▶ [Task brief]: Report each line of the data below in which "this" appears.

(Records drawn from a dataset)
=== Begin Enclosure ===

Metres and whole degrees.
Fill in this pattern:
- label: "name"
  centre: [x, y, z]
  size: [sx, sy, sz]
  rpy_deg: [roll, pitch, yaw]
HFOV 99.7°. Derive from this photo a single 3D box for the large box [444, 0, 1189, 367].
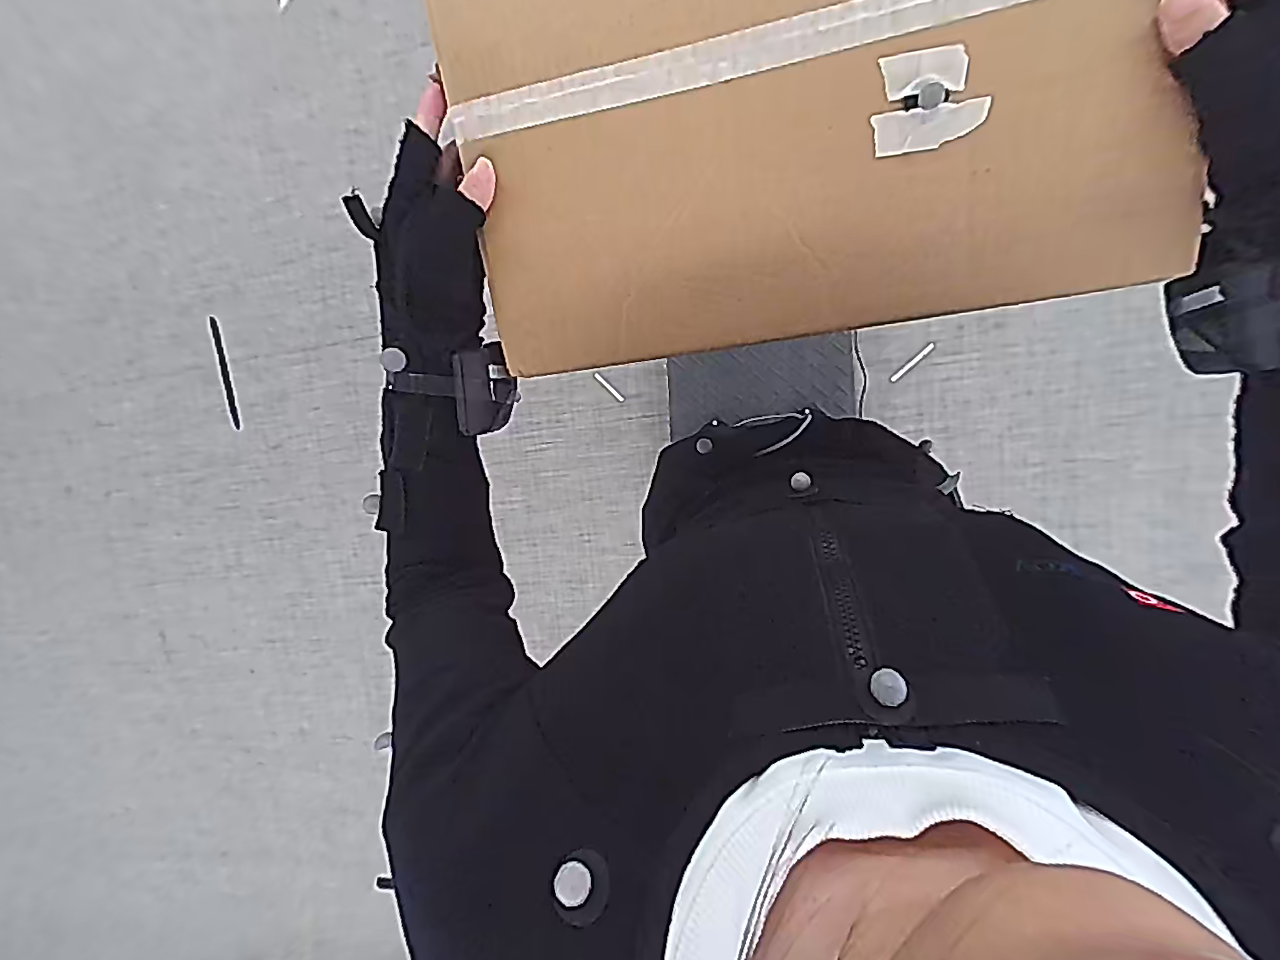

=== End Enclosure ===

▶ [Response area]:
Fill in this pattern:
HFOV 99.7°. Derive from this photo a single 3D box for the large box [444, 0, 1189, 367].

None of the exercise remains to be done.